EXERCISE INSTRUCTIONS
Collect from the data below each line with "picture".

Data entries
--

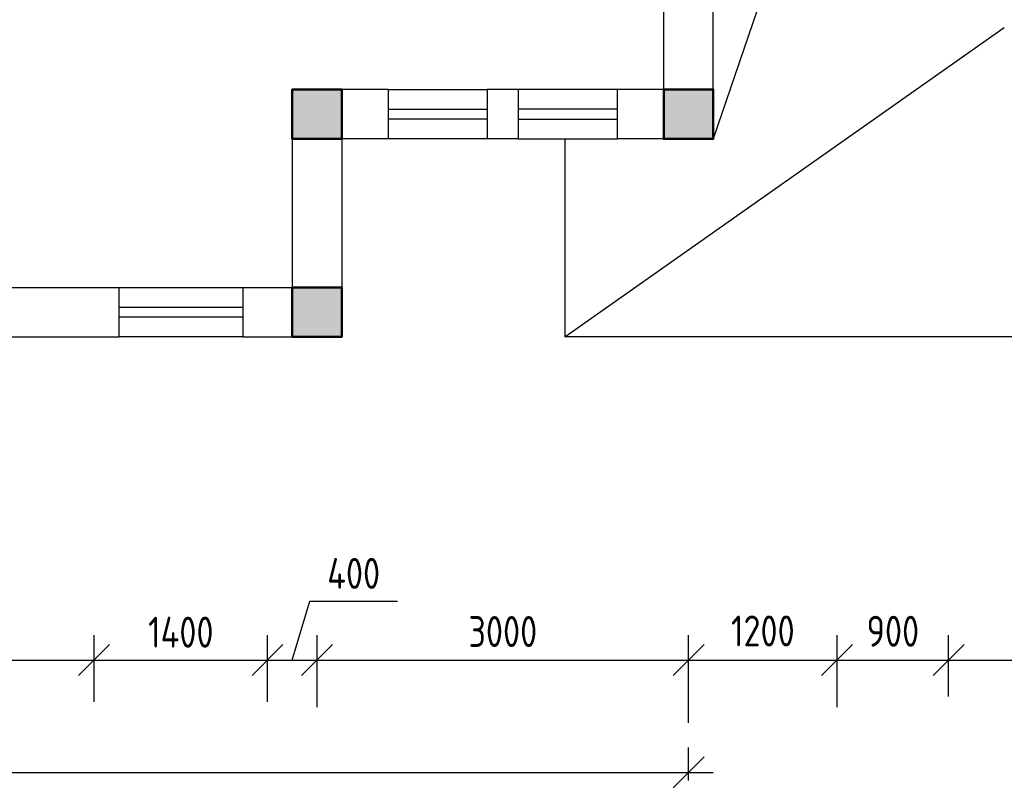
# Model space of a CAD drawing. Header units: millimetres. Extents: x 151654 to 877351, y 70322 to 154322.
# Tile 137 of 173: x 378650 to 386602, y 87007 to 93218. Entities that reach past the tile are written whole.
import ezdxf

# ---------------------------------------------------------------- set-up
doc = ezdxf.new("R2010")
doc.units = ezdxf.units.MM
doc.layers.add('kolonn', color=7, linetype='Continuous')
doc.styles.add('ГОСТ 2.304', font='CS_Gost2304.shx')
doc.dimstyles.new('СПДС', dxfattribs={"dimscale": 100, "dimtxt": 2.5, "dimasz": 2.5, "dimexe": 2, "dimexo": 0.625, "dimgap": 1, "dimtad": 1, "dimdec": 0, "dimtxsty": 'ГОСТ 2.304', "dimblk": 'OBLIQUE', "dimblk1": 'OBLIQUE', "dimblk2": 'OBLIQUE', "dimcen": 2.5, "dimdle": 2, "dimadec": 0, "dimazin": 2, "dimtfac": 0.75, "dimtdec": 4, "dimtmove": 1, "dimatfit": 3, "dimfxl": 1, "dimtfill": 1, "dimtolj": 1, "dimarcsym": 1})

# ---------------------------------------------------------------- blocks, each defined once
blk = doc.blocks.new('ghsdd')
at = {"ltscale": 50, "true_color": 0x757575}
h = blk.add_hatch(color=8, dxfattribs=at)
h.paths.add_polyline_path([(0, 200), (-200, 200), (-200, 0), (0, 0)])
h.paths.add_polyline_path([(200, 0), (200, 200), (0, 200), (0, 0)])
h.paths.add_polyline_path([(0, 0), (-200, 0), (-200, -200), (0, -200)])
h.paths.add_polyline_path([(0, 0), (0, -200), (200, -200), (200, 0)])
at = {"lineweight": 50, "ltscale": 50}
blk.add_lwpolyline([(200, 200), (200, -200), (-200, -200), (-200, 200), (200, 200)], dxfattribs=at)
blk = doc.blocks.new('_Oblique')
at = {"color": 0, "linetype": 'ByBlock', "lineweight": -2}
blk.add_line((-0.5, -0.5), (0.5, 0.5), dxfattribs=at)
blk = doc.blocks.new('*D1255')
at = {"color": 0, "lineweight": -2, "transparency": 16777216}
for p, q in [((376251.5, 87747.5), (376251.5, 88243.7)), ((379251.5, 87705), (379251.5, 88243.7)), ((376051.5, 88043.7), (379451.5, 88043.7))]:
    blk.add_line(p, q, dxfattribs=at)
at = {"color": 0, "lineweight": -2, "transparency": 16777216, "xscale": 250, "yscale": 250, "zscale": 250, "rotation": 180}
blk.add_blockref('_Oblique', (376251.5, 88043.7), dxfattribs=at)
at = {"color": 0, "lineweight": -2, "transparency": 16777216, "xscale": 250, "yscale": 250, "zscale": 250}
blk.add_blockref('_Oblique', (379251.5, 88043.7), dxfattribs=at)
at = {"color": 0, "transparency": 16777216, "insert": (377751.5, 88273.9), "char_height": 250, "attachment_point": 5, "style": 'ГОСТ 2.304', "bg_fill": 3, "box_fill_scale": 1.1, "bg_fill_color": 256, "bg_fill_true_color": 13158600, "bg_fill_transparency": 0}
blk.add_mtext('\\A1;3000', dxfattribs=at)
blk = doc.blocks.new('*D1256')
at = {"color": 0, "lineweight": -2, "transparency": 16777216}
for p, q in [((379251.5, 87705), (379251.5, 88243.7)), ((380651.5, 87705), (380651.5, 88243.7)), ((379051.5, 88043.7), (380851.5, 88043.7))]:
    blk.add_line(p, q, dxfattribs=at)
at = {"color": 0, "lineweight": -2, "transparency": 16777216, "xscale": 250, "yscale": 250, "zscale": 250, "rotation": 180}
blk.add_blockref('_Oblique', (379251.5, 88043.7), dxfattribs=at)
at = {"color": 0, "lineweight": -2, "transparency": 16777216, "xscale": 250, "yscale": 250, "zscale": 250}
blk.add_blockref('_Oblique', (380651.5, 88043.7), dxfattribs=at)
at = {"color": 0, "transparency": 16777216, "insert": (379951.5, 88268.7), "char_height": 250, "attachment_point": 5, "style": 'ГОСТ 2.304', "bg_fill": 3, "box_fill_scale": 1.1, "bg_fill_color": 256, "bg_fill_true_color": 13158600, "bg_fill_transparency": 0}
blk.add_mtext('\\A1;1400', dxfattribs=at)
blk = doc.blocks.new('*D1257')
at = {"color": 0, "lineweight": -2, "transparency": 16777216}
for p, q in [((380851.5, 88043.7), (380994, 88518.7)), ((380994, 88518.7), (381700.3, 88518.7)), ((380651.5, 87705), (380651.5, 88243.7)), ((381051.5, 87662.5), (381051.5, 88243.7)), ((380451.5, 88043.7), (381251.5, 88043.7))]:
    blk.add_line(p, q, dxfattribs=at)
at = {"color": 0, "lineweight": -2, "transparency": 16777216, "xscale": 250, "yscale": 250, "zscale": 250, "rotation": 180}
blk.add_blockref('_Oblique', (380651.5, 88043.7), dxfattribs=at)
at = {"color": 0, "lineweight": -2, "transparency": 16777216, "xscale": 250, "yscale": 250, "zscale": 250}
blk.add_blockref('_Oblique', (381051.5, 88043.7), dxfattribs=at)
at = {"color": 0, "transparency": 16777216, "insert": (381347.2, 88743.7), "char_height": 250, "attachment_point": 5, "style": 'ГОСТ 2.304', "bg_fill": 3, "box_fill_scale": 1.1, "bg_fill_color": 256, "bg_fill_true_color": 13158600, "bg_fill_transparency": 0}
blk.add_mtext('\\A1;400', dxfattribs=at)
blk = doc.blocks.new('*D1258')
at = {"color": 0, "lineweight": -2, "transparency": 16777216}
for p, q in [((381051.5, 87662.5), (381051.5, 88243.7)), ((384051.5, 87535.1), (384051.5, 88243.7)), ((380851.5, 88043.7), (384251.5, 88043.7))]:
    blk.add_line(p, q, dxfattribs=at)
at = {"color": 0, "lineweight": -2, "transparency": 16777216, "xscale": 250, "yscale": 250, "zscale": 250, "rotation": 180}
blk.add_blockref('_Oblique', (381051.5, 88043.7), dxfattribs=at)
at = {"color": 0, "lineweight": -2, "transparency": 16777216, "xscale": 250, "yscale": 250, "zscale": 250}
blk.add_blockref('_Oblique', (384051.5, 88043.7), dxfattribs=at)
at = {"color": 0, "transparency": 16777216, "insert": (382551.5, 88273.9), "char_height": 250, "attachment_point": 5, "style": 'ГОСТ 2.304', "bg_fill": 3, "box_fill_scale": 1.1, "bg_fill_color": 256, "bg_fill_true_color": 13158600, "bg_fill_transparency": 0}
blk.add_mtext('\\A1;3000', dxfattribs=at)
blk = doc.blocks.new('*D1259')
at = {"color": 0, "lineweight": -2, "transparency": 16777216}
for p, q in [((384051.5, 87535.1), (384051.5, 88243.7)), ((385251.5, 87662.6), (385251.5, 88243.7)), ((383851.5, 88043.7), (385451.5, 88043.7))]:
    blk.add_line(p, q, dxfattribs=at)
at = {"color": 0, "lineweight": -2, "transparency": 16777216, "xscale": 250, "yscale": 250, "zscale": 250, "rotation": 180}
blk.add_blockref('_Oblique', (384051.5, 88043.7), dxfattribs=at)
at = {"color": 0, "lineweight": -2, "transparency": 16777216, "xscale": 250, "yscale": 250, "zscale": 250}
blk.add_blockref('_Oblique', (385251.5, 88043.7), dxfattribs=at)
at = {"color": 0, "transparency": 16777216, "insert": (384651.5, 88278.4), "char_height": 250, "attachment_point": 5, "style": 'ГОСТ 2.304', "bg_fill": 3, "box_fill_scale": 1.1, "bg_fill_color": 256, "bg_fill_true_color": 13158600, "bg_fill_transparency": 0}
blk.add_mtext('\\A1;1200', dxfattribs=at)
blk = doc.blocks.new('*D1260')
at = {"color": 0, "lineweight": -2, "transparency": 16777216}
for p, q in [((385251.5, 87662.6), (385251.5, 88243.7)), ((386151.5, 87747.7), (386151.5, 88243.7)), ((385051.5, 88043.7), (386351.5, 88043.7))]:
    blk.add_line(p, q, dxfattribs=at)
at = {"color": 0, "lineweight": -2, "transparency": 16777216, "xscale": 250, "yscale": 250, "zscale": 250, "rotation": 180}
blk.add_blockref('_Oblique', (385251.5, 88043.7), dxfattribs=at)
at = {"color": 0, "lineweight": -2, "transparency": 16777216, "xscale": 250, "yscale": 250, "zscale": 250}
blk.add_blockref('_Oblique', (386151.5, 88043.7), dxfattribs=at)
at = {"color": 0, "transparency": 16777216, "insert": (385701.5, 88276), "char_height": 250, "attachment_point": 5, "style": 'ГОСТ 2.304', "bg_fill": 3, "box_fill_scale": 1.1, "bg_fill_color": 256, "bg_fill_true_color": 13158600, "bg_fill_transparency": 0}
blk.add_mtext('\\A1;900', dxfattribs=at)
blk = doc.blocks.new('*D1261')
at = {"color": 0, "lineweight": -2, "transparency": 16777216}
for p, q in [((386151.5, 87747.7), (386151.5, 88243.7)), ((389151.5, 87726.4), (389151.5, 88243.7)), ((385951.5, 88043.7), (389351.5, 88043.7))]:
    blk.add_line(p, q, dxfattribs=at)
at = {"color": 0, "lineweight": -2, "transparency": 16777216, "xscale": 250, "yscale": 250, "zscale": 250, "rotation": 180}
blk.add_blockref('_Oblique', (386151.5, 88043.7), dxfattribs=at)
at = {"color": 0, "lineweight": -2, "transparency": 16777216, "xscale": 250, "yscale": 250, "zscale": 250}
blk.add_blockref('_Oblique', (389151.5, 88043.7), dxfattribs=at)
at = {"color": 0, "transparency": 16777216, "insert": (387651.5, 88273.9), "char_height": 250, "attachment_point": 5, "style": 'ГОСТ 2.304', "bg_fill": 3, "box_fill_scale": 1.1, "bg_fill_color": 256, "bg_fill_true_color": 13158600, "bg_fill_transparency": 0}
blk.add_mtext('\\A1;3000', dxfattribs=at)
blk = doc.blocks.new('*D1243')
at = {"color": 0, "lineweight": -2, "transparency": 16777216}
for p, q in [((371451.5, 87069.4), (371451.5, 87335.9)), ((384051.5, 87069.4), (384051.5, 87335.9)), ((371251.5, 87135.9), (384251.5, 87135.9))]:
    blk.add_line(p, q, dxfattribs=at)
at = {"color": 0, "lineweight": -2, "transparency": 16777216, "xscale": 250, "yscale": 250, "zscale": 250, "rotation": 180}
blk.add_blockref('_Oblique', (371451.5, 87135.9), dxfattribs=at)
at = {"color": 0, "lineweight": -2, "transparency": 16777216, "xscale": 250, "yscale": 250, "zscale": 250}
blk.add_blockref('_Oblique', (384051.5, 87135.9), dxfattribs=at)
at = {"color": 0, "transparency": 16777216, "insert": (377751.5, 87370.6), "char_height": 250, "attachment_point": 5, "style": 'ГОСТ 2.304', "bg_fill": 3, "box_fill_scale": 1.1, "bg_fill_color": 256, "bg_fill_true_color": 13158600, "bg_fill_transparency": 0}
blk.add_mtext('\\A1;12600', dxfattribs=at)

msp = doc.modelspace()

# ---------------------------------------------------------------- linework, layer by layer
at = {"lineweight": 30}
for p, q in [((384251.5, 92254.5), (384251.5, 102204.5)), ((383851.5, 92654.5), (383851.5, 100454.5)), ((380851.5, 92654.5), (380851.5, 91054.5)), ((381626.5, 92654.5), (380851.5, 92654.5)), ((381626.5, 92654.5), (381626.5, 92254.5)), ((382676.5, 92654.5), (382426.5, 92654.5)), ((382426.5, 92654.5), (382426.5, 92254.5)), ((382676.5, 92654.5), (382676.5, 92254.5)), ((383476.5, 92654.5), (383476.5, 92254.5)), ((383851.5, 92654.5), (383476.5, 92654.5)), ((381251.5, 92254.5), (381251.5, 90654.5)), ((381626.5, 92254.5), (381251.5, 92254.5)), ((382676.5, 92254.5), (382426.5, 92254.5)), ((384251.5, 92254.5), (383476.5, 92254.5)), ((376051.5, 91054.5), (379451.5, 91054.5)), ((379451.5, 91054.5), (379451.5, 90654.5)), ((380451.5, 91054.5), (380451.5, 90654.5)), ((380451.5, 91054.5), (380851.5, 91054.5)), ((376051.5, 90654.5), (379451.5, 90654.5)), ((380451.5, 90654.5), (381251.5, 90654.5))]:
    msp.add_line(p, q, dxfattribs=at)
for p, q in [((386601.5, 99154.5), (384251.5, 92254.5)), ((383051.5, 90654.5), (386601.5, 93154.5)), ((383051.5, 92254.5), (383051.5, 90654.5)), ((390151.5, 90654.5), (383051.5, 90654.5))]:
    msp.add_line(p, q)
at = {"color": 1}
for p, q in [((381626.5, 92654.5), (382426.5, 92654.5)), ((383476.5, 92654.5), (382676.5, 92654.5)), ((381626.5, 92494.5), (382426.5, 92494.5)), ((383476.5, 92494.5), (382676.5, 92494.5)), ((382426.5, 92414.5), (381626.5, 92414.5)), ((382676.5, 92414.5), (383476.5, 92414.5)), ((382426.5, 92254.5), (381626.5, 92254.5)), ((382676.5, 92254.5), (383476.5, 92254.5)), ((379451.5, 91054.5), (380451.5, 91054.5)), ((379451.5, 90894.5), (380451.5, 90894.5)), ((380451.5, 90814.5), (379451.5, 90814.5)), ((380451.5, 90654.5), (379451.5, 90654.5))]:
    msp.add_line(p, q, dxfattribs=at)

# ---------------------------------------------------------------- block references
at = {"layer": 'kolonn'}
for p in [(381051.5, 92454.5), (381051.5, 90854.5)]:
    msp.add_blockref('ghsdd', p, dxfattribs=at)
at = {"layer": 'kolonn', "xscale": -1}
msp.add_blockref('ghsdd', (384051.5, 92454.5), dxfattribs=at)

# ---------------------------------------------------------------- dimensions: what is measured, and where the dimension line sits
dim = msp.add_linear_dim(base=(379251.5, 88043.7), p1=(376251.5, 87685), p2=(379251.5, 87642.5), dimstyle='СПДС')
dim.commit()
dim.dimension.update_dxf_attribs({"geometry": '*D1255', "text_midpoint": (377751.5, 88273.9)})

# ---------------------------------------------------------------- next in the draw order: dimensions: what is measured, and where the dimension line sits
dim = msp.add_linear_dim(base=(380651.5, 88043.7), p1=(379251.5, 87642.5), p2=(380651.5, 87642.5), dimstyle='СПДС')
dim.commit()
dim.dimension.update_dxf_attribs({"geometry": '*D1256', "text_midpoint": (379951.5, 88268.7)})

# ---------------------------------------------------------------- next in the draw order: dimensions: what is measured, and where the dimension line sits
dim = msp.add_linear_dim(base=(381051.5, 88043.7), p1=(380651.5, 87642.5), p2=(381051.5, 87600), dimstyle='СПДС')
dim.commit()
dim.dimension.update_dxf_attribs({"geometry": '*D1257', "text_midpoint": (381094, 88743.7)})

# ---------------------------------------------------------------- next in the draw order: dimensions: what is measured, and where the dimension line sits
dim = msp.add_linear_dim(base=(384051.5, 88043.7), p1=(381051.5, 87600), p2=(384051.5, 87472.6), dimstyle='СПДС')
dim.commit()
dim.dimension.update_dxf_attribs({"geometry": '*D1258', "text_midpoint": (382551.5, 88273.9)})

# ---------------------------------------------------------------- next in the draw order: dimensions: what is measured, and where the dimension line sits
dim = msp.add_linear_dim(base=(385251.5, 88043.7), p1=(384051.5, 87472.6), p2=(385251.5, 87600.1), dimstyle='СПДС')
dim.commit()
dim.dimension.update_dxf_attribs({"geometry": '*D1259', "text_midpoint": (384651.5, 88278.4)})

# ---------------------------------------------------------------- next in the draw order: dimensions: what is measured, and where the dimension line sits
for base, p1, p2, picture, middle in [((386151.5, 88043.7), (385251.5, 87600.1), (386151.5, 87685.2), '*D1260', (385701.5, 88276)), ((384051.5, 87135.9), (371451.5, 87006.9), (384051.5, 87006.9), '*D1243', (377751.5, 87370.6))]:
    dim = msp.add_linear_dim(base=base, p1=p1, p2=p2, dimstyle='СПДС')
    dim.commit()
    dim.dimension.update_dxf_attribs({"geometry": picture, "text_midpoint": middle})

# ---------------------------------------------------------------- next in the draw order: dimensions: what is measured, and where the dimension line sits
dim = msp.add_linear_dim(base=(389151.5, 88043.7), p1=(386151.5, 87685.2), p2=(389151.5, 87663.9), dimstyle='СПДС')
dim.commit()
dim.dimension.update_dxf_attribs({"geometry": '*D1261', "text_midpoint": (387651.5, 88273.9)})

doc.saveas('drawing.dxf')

--

OUTPUT OF THE EXERCISE
for base, p1, p2, picture, middle in [((386151.5, 88043.7), (385251.5, 87600.1), (386151.5, 87685.2), '*D1260', (385701.5, 88276)), ((384051.5, 87135.9), (371451.5, 87006.9), (384051.5, 87006.9), '*D1243', (377751.5, 87370.6))]:
    dim.dimension.update_dxf_attribs({"geometry": picture, "text_midpoint": middle})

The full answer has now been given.